Start of Extracted records

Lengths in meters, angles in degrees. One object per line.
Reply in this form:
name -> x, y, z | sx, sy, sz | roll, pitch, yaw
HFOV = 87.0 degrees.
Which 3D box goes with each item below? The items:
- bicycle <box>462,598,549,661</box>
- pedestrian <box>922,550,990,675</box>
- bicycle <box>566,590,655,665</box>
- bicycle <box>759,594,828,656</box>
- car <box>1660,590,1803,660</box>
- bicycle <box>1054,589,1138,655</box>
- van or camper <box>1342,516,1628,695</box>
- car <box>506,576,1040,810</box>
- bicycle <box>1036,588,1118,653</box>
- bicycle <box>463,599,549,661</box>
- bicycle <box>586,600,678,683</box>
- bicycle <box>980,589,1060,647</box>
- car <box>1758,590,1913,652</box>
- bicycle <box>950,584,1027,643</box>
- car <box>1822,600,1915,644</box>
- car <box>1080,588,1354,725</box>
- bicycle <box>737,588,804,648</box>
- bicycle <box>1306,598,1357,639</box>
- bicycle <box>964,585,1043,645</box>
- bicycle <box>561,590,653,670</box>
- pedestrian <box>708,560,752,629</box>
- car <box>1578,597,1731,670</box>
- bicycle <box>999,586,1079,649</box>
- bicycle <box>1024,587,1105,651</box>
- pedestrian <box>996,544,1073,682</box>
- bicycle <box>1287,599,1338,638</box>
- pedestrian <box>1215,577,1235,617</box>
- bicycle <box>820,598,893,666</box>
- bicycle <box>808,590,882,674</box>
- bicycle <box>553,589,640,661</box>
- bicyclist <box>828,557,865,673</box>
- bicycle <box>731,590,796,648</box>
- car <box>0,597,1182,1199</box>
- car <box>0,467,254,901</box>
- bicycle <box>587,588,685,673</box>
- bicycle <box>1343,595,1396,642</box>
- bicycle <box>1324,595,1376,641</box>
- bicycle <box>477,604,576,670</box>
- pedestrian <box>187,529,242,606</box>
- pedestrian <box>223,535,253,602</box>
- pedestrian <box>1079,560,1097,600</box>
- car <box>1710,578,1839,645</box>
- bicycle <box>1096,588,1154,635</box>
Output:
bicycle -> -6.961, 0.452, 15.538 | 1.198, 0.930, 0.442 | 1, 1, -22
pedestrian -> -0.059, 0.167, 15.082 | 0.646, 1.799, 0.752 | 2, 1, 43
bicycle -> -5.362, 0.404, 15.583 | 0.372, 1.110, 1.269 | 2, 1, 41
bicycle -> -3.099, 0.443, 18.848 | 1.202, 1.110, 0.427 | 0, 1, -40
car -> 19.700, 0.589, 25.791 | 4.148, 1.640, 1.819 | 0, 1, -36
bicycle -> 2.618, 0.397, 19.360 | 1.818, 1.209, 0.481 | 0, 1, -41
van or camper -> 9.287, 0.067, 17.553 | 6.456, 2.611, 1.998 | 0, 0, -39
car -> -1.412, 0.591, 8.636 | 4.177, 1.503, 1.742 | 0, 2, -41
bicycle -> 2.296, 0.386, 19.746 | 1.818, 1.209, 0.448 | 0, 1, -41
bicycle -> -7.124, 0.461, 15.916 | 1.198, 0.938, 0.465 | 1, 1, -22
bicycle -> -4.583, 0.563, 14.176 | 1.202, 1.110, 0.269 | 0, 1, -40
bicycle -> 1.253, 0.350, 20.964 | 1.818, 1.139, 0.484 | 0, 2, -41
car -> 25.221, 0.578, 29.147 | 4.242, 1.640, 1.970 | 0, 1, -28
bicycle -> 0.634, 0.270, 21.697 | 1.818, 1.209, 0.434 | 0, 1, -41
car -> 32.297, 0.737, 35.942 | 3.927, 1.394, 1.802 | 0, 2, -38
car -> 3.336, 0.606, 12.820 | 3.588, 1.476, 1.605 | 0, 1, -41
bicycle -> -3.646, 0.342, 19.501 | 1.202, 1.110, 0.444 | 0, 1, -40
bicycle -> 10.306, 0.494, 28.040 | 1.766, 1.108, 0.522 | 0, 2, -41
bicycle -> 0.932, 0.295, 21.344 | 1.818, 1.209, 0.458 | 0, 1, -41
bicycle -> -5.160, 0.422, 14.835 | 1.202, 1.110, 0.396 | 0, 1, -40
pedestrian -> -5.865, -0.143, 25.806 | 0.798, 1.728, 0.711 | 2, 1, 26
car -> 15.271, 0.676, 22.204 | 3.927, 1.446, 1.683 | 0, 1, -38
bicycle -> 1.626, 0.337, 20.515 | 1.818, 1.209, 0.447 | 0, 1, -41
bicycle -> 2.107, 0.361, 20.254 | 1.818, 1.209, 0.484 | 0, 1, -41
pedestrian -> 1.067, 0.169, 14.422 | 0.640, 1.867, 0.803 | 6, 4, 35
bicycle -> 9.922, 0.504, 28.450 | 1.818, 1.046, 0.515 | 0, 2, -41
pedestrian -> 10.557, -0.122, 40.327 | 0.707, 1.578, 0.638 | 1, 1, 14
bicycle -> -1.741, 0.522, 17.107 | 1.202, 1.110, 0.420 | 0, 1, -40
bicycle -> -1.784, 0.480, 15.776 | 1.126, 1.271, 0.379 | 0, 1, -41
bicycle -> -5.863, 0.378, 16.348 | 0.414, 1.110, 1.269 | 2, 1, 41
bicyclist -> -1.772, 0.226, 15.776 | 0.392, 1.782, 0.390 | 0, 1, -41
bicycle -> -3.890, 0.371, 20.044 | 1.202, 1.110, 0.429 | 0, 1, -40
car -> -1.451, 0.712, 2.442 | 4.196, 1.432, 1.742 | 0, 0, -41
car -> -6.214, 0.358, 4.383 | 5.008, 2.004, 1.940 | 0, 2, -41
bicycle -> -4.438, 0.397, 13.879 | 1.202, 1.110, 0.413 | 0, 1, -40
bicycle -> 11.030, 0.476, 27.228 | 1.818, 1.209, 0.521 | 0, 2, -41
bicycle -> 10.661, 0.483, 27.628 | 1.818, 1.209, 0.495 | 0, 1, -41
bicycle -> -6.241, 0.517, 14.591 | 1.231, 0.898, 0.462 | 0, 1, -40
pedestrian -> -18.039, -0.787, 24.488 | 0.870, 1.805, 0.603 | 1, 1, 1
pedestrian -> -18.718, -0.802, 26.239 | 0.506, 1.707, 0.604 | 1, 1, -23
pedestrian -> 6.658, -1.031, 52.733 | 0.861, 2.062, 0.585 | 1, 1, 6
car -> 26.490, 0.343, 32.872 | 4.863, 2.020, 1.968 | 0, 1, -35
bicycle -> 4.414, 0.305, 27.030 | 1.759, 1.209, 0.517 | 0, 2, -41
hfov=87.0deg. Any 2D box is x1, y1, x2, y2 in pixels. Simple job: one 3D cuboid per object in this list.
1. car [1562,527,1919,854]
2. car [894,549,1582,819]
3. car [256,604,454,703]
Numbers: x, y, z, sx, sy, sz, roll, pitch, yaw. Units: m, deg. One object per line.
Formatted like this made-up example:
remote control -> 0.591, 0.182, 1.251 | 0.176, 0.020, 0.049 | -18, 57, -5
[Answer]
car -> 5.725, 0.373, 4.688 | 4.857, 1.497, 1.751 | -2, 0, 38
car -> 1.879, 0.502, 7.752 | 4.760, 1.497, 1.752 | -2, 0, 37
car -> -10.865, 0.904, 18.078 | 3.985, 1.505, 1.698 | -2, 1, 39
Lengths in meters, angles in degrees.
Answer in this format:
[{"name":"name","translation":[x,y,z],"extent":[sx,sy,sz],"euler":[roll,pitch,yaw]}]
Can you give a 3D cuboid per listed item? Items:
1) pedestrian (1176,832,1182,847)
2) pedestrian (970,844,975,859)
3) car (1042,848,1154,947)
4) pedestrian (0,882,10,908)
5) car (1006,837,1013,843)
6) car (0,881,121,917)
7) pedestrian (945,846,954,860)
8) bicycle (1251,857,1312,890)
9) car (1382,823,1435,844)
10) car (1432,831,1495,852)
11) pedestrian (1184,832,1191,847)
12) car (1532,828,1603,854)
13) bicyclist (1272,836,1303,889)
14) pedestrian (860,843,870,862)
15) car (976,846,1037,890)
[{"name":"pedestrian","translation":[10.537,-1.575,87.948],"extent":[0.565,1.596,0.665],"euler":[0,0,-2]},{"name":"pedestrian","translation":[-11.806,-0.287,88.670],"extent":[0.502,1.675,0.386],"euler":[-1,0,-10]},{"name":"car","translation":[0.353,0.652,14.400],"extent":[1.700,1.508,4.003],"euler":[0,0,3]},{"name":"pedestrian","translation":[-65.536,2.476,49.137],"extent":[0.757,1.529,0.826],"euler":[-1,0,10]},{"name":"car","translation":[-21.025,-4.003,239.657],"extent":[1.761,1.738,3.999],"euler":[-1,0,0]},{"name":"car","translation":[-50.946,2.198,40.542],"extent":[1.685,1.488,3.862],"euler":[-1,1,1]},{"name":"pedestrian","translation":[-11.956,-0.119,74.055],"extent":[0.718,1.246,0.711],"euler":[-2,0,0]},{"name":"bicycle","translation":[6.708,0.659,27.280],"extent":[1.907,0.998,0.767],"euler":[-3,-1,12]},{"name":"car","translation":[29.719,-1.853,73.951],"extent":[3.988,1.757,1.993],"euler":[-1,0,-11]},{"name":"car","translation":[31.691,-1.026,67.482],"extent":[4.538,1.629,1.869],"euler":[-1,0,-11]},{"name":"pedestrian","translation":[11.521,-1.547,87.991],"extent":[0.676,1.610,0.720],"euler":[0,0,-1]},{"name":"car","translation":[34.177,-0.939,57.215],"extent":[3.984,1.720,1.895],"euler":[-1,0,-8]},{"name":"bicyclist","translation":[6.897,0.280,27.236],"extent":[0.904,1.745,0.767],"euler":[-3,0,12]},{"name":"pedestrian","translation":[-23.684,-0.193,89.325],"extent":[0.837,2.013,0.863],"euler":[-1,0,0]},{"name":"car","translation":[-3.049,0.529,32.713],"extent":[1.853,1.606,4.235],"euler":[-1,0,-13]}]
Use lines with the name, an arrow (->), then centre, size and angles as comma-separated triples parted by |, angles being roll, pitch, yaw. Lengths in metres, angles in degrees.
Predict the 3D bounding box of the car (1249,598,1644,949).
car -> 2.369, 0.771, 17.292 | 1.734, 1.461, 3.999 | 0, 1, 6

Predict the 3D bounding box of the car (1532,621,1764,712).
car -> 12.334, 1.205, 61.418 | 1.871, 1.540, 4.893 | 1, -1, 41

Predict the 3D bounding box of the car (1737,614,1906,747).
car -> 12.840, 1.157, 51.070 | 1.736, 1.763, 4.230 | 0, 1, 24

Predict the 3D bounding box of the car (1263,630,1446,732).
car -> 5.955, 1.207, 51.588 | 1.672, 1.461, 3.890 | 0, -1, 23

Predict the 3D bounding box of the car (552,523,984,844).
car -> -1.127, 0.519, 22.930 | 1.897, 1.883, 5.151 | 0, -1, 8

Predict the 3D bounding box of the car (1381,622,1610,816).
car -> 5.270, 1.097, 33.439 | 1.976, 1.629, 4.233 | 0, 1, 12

End of Extracted records

Required action: Identify the lines of the entries containing the string "pitch". Copy each such line.

Result:
name -> x, y, z | sx, sy, sz | roll, pitch, yaw
Numbers: x, y, z, sx, sy, sz, roll, pitch, yaw. Units: m, deg. One object per line.
[{"name":"name","translation":[x,y,z],"extent":[sx,sy,sz],"euler":[roll,pitch,yaw]}]
Use lines with the name, an arrow (->), then centre, size and angles as comma-separated triples parted by |, angles being roll, pitch, yaw. Lengths in metres, angles in degrees.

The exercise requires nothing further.